### Exercise objective
Please go through the records below and return every line holding the word "degrees".

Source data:
=== Section Start ===
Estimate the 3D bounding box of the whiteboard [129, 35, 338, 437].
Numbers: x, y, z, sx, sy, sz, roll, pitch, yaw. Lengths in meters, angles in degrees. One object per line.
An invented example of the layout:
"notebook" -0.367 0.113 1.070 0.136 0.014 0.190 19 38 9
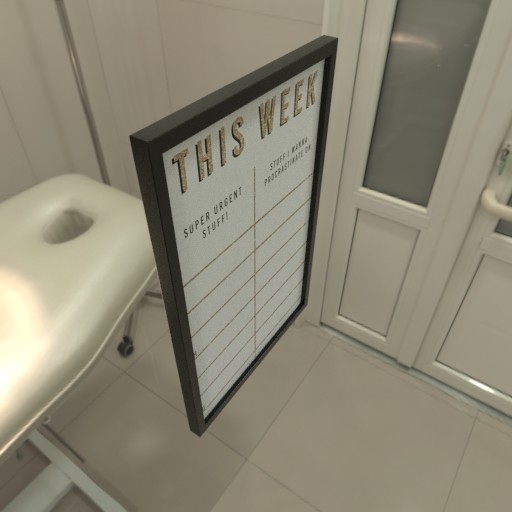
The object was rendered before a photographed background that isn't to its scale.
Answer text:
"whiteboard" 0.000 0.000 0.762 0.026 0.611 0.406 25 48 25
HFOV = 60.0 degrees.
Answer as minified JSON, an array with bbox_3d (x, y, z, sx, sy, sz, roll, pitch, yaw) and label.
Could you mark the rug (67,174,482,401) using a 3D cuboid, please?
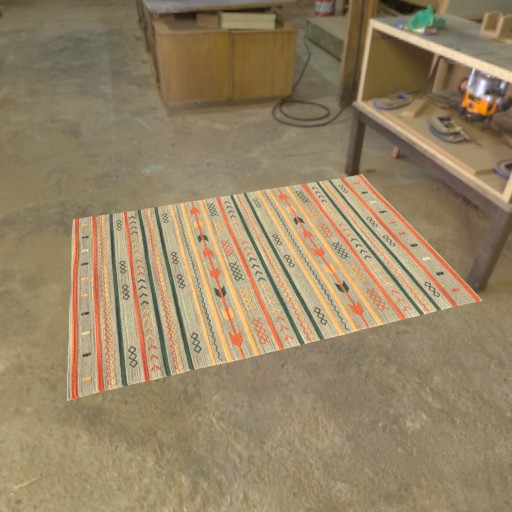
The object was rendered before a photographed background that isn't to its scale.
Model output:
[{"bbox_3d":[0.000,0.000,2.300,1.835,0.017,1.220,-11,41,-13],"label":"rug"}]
=== Section End ===
### Task solution
Numbers: x, y, z, sx, sy, sz, roll, pitch, yaw. Lengths in meters, angles in degrees. One object per line.
HFOV = 60.0 degrees.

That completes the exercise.